WHAT IS BEING ASKED -> Return exactly those lines of the material below that fall between the line holding "Keep it short and to the point. 3.23e+07. What" and the line holding "Keep it short and to the point. 1.27e+04.", inclusive.
▬▬▬▬▬▬▬▬▬▬
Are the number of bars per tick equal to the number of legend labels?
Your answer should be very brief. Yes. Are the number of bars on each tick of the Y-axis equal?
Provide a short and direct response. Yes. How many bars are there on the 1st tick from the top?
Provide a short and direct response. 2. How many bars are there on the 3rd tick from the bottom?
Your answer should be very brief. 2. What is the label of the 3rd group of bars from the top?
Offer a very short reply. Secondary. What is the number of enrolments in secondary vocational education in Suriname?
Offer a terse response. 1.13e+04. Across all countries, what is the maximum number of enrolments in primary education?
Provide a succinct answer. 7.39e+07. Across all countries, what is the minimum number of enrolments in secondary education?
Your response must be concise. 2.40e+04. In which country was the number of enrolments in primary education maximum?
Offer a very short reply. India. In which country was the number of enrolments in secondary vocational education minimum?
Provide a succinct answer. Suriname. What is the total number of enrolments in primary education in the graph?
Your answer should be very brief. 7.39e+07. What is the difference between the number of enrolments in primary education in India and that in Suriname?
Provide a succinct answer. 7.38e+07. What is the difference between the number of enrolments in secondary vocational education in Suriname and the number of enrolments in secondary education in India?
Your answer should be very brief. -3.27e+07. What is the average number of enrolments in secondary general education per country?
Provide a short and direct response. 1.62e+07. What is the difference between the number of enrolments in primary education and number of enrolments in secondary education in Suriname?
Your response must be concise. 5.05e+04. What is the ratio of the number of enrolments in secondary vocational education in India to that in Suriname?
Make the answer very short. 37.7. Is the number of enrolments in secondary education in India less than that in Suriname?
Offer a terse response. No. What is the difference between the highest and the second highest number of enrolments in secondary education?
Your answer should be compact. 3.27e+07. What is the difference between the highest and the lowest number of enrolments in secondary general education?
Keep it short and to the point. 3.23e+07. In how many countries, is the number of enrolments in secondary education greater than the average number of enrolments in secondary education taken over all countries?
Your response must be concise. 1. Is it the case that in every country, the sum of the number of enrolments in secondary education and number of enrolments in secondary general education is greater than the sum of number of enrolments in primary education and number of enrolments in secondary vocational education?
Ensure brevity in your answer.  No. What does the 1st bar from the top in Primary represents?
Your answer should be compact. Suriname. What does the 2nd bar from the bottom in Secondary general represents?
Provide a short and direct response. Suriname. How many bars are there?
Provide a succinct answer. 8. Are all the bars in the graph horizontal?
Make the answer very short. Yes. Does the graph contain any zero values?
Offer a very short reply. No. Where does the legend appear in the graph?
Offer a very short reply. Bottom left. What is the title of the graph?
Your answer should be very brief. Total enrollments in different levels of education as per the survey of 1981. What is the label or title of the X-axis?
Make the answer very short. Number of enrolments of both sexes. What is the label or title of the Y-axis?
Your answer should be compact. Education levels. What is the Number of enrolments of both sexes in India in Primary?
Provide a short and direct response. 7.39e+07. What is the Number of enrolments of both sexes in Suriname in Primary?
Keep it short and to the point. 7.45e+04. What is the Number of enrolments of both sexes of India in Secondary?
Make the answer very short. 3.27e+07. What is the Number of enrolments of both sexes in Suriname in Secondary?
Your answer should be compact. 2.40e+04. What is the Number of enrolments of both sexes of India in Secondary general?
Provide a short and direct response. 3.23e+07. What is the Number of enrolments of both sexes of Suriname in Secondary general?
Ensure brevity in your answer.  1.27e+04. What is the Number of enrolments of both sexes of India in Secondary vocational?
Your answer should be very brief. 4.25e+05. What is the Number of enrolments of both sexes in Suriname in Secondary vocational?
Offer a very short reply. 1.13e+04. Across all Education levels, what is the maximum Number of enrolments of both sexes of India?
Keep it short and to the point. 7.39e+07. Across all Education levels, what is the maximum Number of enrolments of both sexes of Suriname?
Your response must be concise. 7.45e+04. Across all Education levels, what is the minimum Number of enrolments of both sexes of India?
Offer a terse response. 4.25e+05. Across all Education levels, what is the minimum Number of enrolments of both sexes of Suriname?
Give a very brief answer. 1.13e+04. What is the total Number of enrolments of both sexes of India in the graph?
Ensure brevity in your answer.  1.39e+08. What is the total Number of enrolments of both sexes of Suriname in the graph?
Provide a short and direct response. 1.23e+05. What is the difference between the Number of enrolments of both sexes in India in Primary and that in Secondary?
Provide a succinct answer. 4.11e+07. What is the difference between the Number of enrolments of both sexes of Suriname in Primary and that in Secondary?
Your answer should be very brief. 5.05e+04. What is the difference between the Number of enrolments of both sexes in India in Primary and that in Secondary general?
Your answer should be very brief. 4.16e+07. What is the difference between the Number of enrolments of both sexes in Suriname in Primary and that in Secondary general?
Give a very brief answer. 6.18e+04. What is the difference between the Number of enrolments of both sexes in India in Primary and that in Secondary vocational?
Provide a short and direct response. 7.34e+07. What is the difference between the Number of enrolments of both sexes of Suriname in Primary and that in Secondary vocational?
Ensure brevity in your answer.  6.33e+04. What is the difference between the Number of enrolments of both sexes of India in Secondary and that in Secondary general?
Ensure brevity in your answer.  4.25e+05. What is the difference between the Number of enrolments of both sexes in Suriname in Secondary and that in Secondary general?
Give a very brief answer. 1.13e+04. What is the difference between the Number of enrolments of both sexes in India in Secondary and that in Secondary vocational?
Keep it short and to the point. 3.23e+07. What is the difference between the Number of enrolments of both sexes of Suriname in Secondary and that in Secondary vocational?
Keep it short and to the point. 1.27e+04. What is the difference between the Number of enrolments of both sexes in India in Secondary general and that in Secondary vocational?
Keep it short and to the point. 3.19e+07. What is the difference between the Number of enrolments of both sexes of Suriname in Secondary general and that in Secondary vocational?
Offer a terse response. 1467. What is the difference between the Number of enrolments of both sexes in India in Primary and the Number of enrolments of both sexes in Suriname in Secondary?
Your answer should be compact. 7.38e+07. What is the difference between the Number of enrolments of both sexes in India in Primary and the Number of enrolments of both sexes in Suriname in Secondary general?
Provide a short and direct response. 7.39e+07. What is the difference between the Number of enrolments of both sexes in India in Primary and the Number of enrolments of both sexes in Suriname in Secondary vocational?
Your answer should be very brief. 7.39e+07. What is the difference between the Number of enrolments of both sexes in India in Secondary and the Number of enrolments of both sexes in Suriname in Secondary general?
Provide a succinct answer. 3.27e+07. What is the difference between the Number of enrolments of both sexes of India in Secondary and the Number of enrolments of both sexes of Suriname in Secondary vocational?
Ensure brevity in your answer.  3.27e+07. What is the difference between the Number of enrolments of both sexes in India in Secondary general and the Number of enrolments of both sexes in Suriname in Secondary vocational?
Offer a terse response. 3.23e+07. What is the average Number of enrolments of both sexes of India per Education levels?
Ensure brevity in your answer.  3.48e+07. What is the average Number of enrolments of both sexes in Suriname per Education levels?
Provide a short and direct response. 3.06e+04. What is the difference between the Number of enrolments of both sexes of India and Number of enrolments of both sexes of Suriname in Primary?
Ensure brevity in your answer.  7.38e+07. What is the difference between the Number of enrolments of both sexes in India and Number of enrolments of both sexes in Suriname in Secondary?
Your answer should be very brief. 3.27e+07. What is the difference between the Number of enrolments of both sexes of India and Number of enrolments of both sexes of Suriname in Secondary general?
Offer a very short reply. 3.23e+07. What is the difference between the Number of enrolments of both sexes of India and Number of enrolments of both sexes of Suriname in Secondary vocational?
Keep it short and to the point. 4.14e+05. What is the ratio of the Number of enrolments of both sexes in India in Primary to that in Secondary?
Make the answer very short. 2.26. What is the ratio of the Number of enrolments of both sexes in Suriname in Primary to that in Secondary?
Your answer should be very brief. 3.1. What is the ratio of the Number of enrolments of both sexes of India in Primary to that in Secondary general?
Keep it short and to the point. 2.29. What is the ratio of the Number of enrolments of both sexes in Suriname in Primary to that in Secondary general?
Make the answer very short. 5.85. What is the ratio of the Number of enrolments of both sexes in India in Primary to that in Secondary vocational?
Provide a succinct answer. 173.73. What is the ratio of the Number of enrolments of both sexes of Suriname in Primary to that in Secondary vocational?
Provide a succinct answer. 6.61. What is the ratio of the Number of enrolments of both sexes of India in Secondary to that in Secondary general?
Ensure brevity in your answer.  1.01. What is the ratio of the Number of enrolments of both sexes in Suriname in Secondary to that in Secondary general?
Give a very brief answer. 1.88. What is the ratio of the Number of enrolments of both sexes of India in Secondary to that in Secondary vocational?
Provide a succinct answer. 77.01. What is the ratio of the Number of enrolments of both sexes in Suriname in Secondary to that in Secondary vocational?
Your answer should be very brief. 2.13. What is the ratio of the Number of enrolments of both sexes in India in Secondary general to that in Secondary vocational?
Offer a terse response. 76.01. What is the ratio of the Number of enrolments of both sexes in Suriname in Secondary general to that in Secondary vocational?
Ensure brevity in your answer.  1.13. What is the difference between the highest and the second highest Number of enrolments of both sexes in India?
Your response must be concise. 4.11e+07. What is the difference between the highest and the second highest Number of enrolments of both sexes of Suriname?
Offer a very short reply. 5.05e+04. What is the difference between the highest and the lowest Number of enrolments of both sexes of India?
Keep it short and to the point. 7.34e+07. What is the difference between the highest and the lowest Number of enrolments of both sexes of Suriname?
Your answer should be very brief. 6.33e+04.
▬▬▬▬▬▬▬▬▬▬
RESPONSE ->
Keep it short and to the point. 3.23e+07. What is the difference between the Number of enrolments of both sexes of Suriname in Secondary and that in Secondary vocational?
Keep it short and to the point. 1.27e+04. What is the difference between the Number of enrolments of both sexes in India in Secondary general and that in Secondary vocational?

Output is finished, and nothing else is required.